1. You are a corporate cyber security specialist. A customer forwarded you an email they received, with an attached deep fake video featuring the face of your CEO seamlessly coupled to the body of a giraffe, recommending an immediate investment in acacia tree farms. What do you do?
A. Call your stockbroker. Find out if there is a market in acacia tree futures. Corner the market.
B. Go to the city zoo, sneak into the giraffe enclosure, and play connect the dots on a giraffe’s leg.
C. Order a tall Caffè Mocha at Starbucks.
D. All of the above.
2. You are a control room operator working the night shift at a $10 billion nuclear power plant. After several canceled safety inspections, alarms are sounding, dozens of red lights are flashing, and a pre-recorded voice repeatedly intones “Danger, Will Robinson.” What do you do?
A. Look for patterns in the flashing red lights that may indicate a path to salvation, or at least the location of the “off” button.
B. Regret missing the relevant training session.
C. Change your Starbucks order to a grande Caffè Mocha.
D. All of the above.
3. You are an airline pilot. While on final approach to your destination airport, air traffic control puts you on hold “for just a sec” because of staffing cuts. What do you do?
A. Stick your head out the window to see if there’s anything on the runway that might be considered problematic or otherwise troublesome.

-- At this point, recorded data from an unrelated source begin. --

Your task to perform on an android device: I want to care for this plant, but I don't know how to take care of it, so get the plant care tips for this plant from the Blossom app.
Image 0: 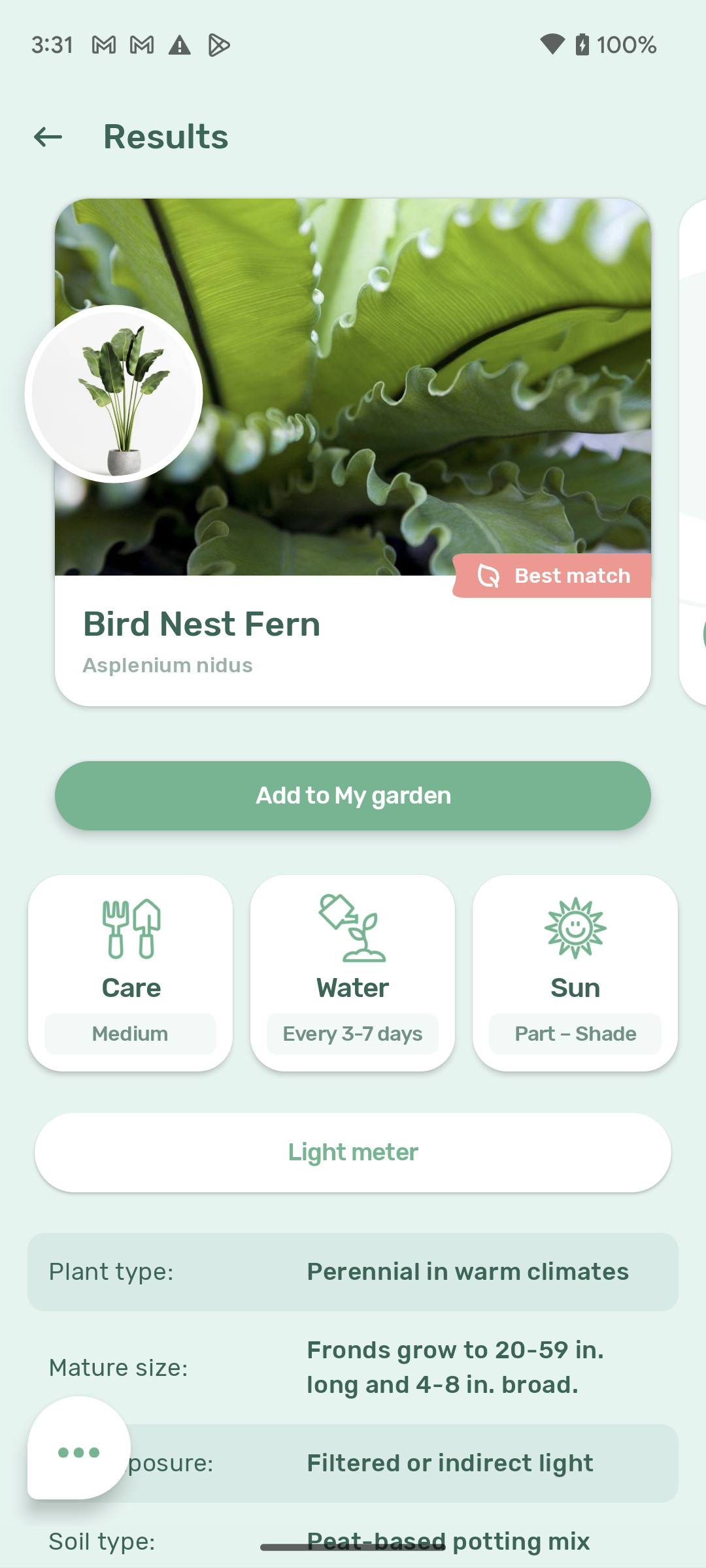
Click on the Care tab to get the care tips for this plant.
Step 0: click (130, 927)
Image 1: 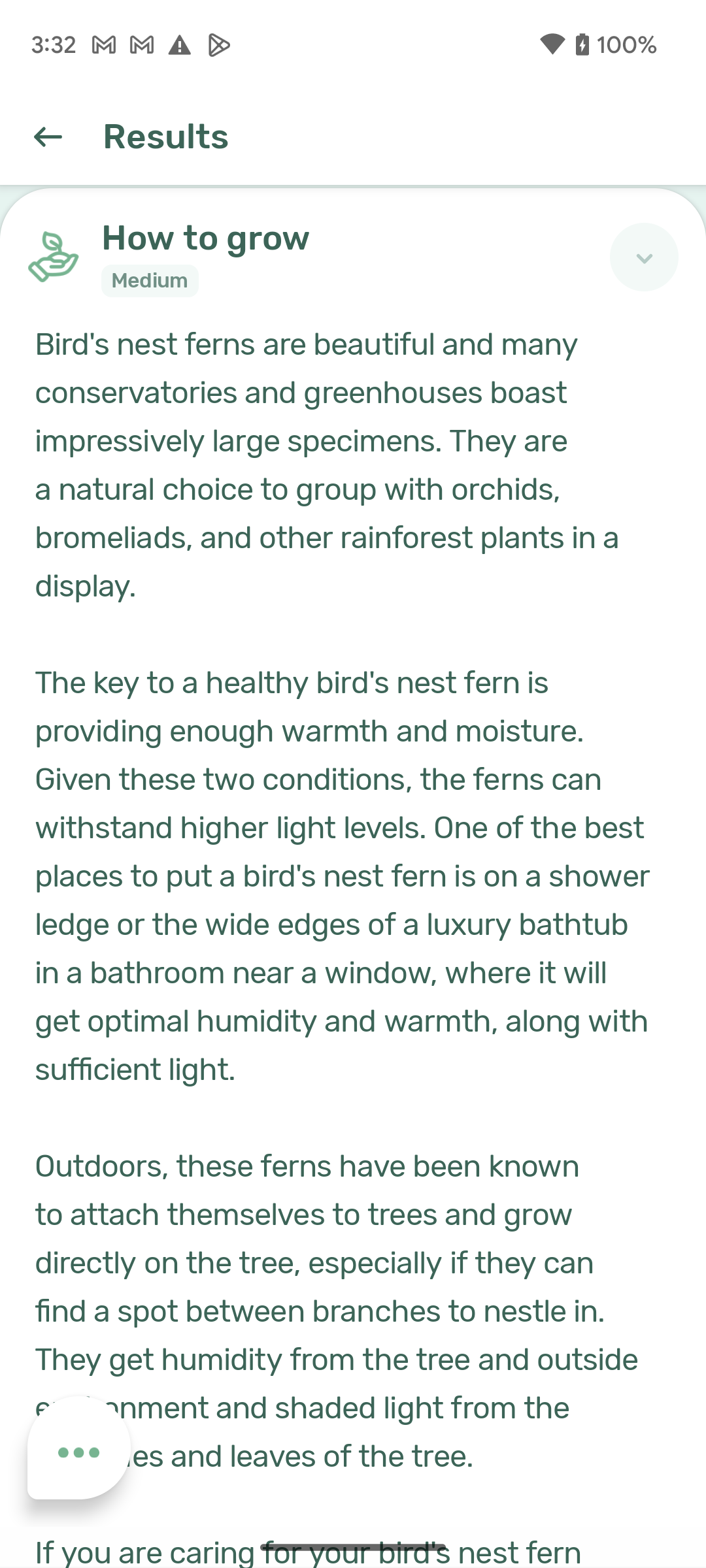
Scroll down to view more care tips.
Step 1: scroll down
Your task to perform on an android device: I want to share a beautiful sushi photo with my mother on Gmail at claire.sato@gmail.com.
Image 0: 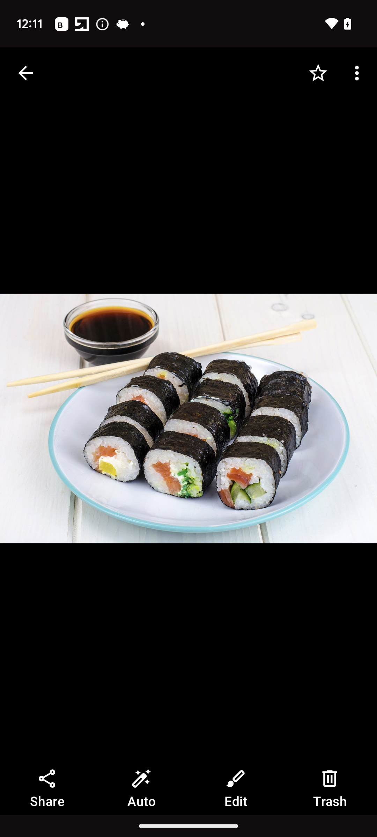
Click on the share tab that is at the bottom left corner of the screen.
Step 0: click (47, 789)
Image 1: 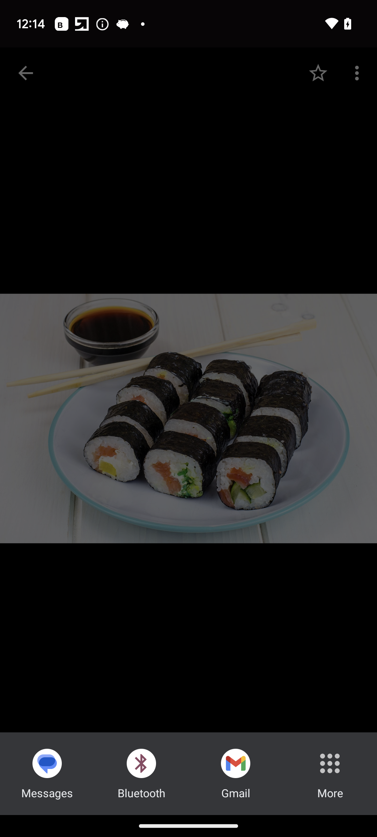
Click on the Gmail option 
Step 1: click (235, 766)
Image 2: 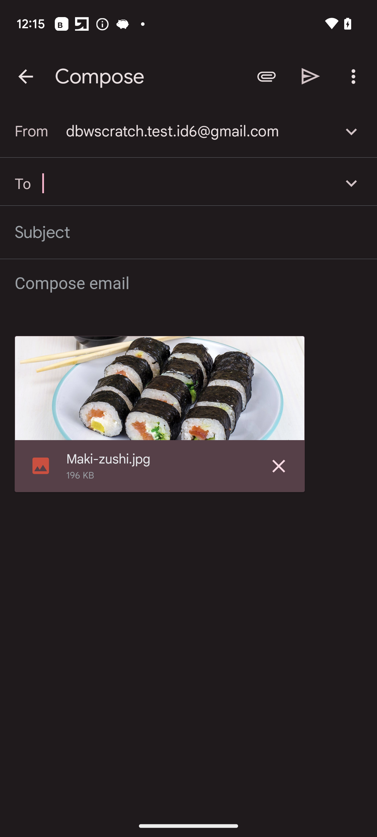
Enter the recipient email as claire.sato@gmail.com
Step 2: type "claire.sato@gmail.com"
Image 3: 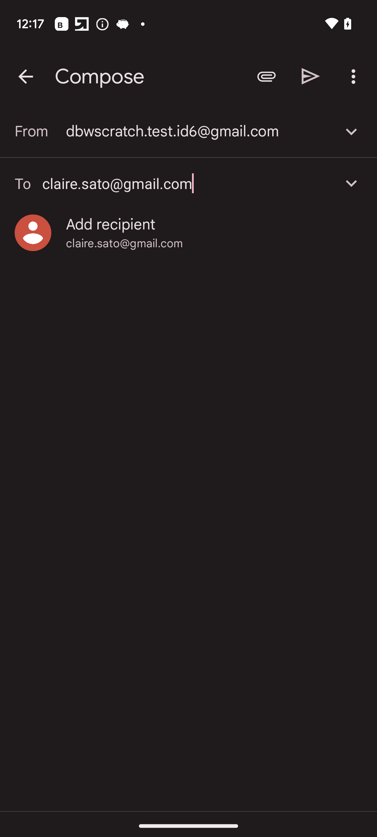
Click on the send icon at the top of the screen.
Step 3: click (311, 76)

B. Look over to the copilot to see if they have any better suggestions.
C. Text the Starbucks next to the pilots’ lounge and order a venti Caffè Mocha, extra whip.
D. All of the above.
4. You are a National Park Superintendent. You have closed the park because the toilets are overflowing after all the staffing cuts. Screaming mobs of angry tourists are gathering at the main park gate, demanding entry and building a scaffold to hang you in effigy. What do you do?
A. Advise the mob that collecting wood, even fallen wood, for building the scaffold is a violation of park regulations.
B. Provide the mob with a clean park ranger uniform so the effigy is properly dressed for the occasion.
C. Grab a coffee from the gift shop and wish your favorite mocha syrup had not been cut from the budget.
D. All of the above.
5. You are an angry American voter. You and 77 million others re-elected an aged, narcissistic man-child to the presidency because you thought he wouldn’t really do the things he repeatedly pledged to do during his campaign, but he is, and for some reason this surprises you. What do you do?
A. Blame the Democrats for not doing a better job of getting out the vote.
B. Blame the Senate for not doing a better job of vetting his nominations.
C. Blame the media for not doing a better job of explaining that this would very likely happen.
D. All of the above.
Answer key
Questions 1-4
A. You are an independent thinker. No job for you here.
B. You are a do-gooder liberal. No job for you here
C. You are admirably well-caffeinated, but still, no job for you here. Try Starbucks.
D. You are an indecisive waffler. We can’t believe you even bothered to apply. No job for you here.
Question 5
A. While you show promise, no job for you here.
B. A fair assessment, but no job for you here.
C. A true but incomplete response, so no job for you here.
D. You’re hired! Grab your laptop bag and report to the nearest DOGE office for immediate indoctrination on how to uncover massive government waste.